• [Dataset extract]
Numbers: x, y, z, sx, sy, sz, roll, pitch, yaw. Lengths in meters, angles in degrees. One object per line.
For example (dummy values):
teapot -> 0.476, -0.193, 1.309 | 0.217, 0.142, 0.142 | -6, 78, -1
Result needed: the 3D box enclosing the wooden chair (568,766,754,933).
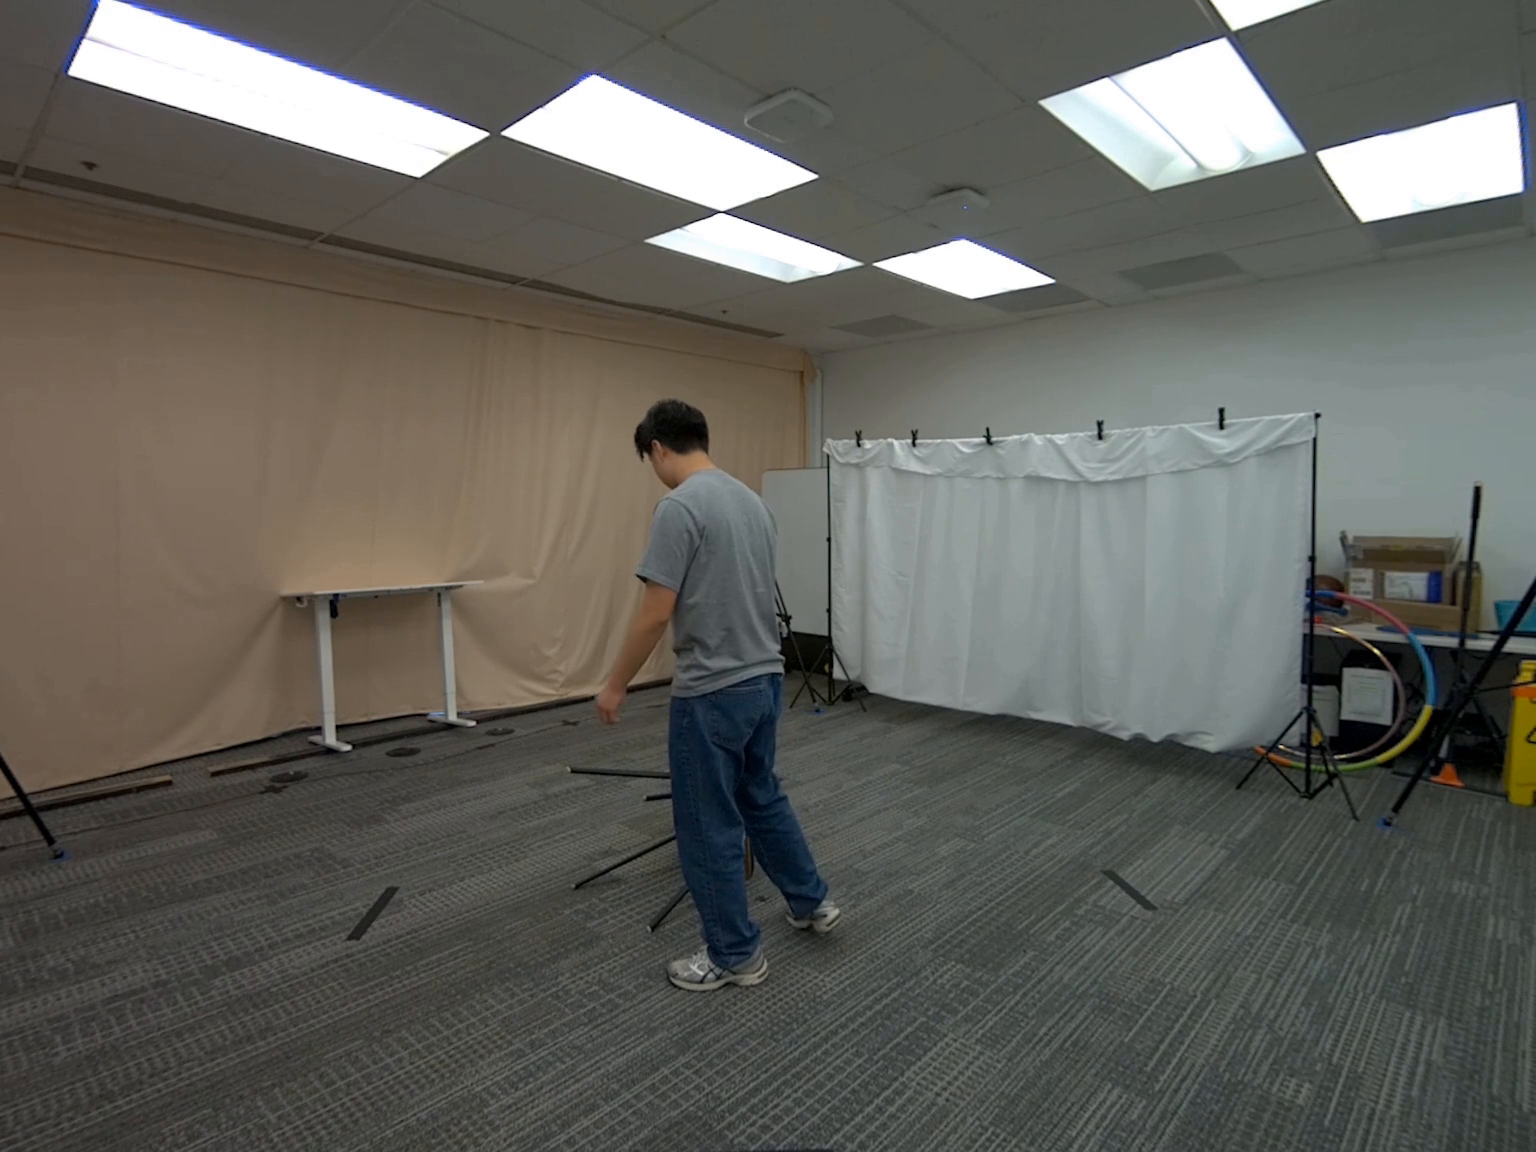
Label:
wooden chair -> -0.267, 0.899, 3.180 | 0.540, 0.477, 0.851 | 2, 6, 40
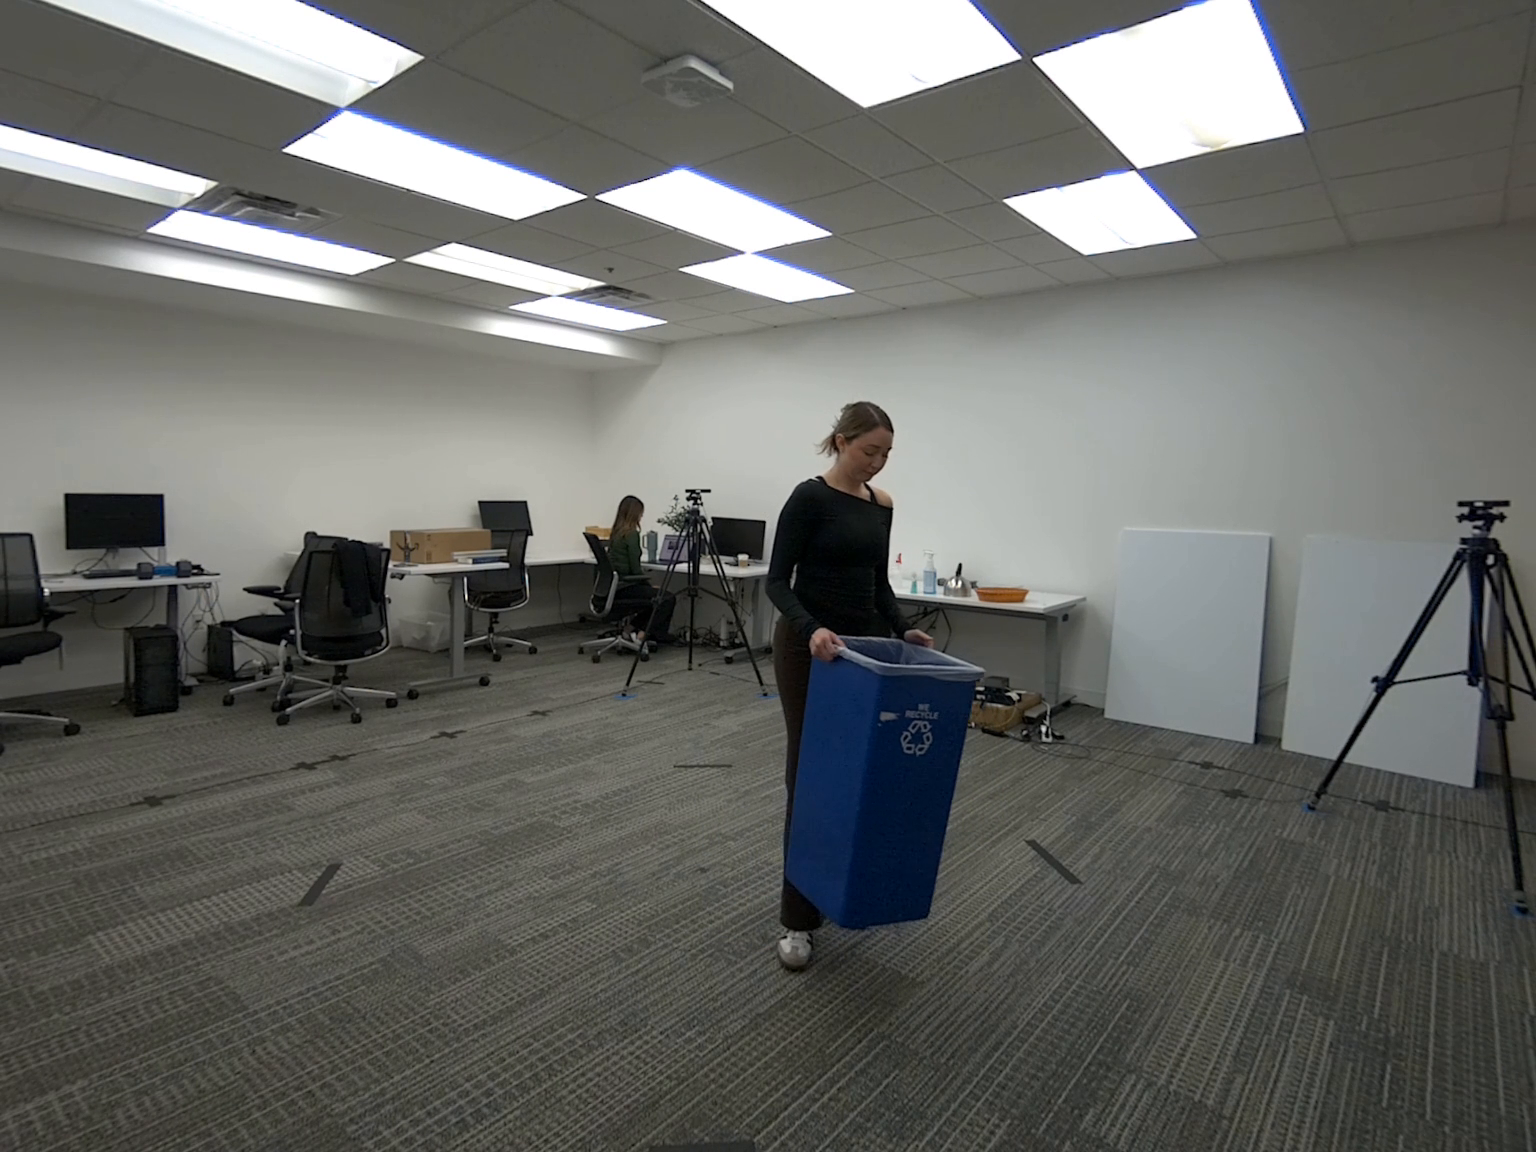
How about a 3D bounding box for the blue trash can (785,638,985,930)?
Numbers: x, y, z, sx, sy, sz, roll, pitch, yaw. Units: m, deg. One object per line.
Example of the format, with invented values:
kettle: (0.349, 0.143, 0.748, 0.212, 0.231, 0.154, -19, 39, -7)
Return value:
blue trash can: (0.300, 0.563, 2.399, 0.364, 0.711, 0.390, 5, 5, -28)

• [What is expected] Write out every line above exactly, minus images.

• [Response to the task]
Numbers: x, y, z, sx, sy, sz, roll, pitch, yaw. Lengths in meters, angles in degrees. One object per line.
For example (dummy values):
teapot -> 0.476, -0.193, 1.309 | 0.217, 0.142, 0.142 | -6, 78, -1
Result needed: the 3D box enclosing the wooden chair (568,766,754,933).
Label:
wooden chair -> -0.267, 0.899, 3.180 | 0.540, 0.477, 0.851 | 2, 6, 40
How about a 3D bounding box for the blue trash can (785,638,985,930)?
Numbers: x, y, z, sx, sy, sz, roll, pitch, yaw. Units: m, deg. One object per line.
Example of the format, with invented values:
kettle: (0.349, 0.143, 0.748, 0.212, 0.231, 0.154, -19, 39, -7)
Return value:
blue trash can: (0.300, 0.563, 2.399, 0.364, 0.711, 0.390, 5, 5, -28)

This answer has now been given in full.